Stem cell therapies to repair heart damage were one of the first to become widely available via medical tourism, and have been underway in earnest for more than a decade now. There is evidence from their use that benefits can be attained for patients. Providers and researchers continue to refine their techniques. There are numerous studies. That evidence is not good enough for the conservative end of the scientific community, who require a complete and rigorous understanding of the mechanisms of action before proceeding with enthusiasm, and nor for regulatory bodies in the US and Europe. Thus trials continue, now into their late stages, and treatments remain unavailable in many countries:
Like any new branch of medicine, cardiac cell therapy has progressed in fits and starts. Despite dozens of clinical trials, there's no slam-dunk treatment for improving the cardiac function of heart failure patients, but marginal, statistically significant improvements observed in some of the studies are propelling the cell-based therapies to ever larger, more expensive, and more rigorous trials. Most cardiologists remain underimpressed, says the head of an ongoing Phase 3 trial in Europe that involves injecting bone marrow cells into heart attack patients. "If [the trial] is positive, that's great, but I still think we'll have quite a challenge to convince people. If it's negative, then you get most of the cardiac community saying, 'Yep, we expected that.'?"

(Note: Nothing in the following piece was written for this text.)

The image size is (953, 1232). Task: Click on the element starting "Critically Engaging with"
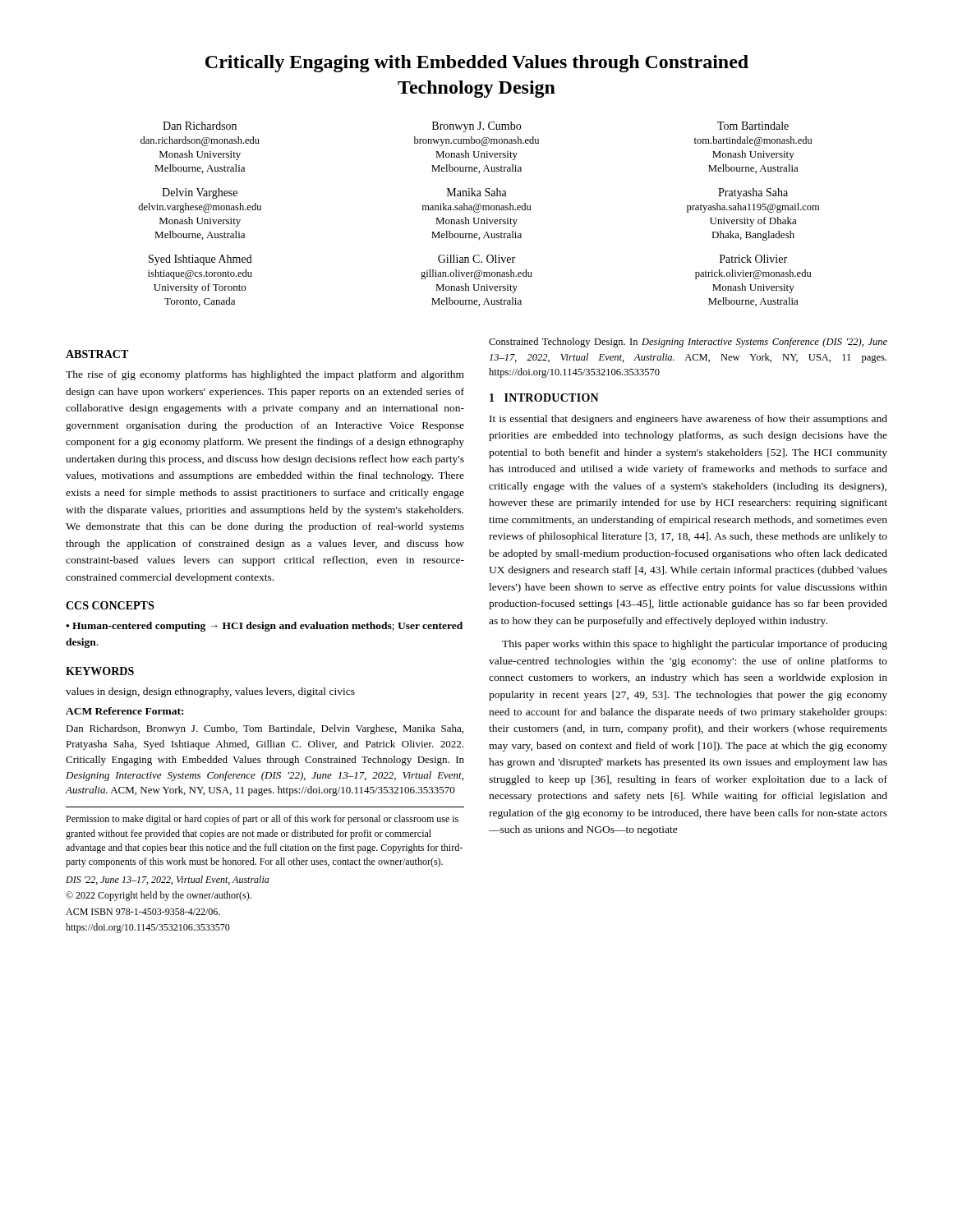(476, 75)

Now, it's make or break. Some anticipate that the results of the trial and two other ongoing Phase 3s will finally provide definitive evidence supporting the efficacy of cell therapies for the heart - evidence that has so far been lacking. On the other hand, negative results could spell the end of the approach altogether. "If our Phase 3 doesn't work, I think there's little likelihood any program could succeed in this indication," says the CEO of a Belgium-based firm sponsoring a clinical trial involving bone marrow-derived cells. "In the event they don't work [this time], I think it will be the end."

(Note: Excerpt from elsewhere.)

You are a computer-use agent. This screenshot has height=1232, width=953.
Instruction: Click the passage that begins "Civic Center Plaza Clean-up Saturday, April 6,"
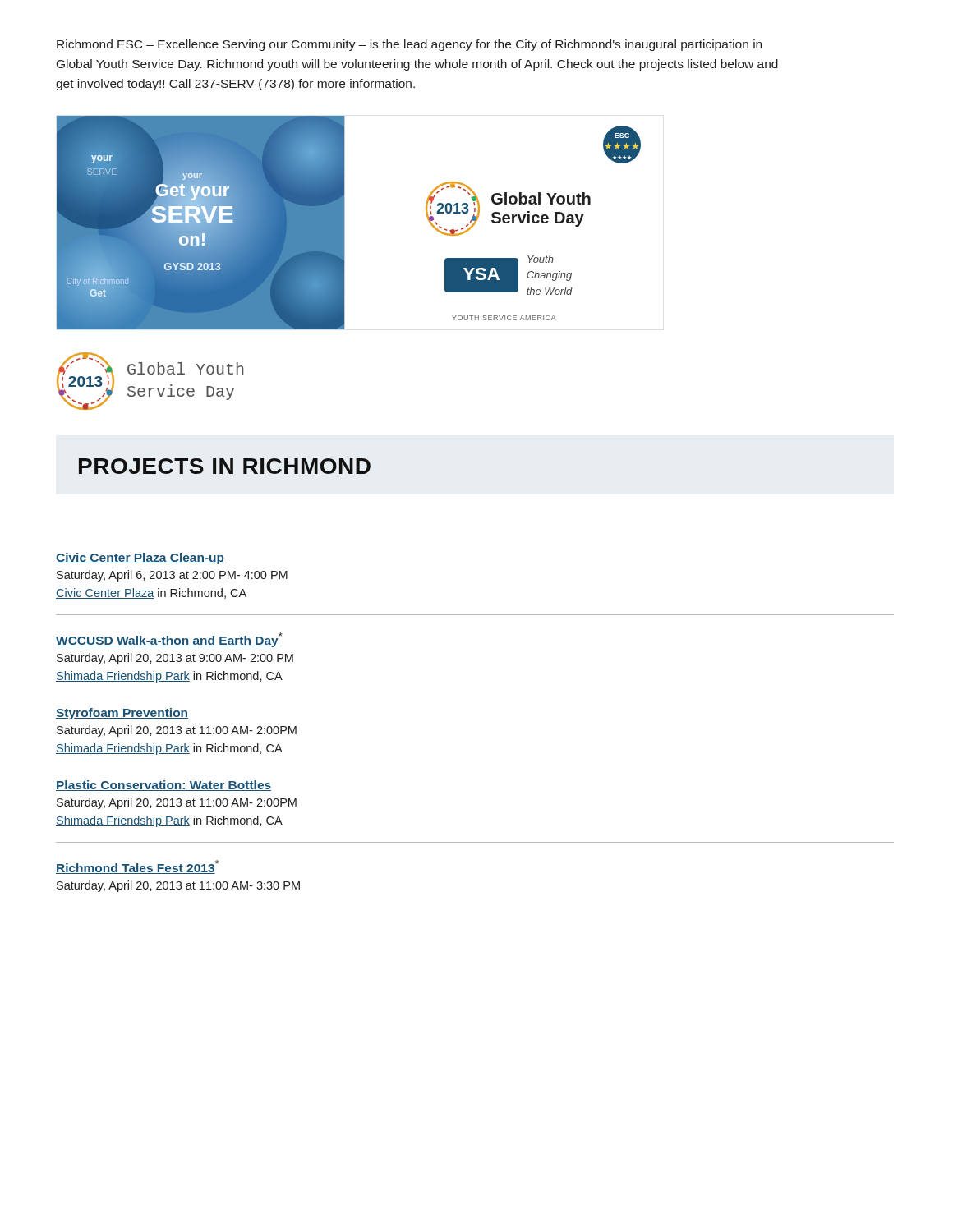pos(140,559)

The idea to pluck cells from a person's bone marrow and shoot them into the heart took root in 2001, when researchers showed that doing so in mice could help regenerate damaged heart tissue. Yet no one knew how the cells worked. At the time, the prevailing thought was that stem cells took up residence in the heart and proliferated to produce new tissue. But this idea has since become a matter of debate. While some researchers claim the cells can form new cardiac muscle, others assert that the cells only very rarely differentiate into cardiomyocytes and instead support cardiac regeneration by other means.

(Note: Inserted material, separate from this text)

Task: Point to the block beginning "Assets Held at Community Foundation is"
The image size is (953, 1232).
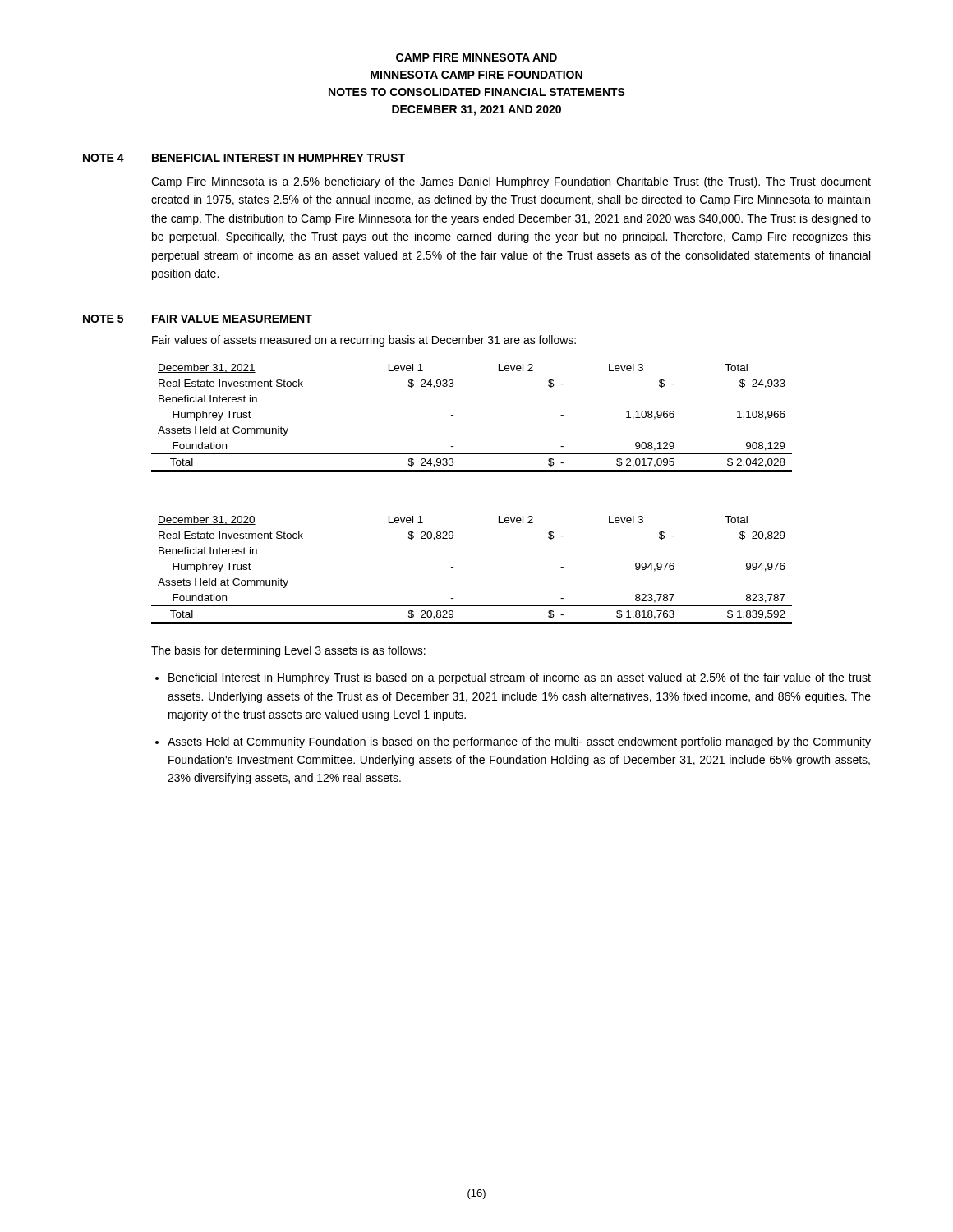Action: (519, 760)

Many scientists now believe that the introduced cells perform a paracrine function, signaling the activation of reparative pathways via growth factors or other secreted messengers. On its own, the heart regenerates about one percent of its tissue per year via the division of cardiomyocytes; perhaps cell therapies simply boost that normal behavior. The absence of a concrete mechanism of action has been one of the main criticisms of the field. On the other hand, most patients don't care how a treatment works, just that it does. "We have more trials than we have meaningful basic science papers. You'd like it to be the other way round. But I understand why there was an explosion [of clinical trials] - because there is such a need." And many researchers disagree that a known mechanism is required for advancing the therapy. "Nothing moves a field forward like actual clinical trials." While mechanisms are important - knowing them can help optimize treatments, for instance - "you can't slow things down because the mechanism of action isn't agreed upon by everybody."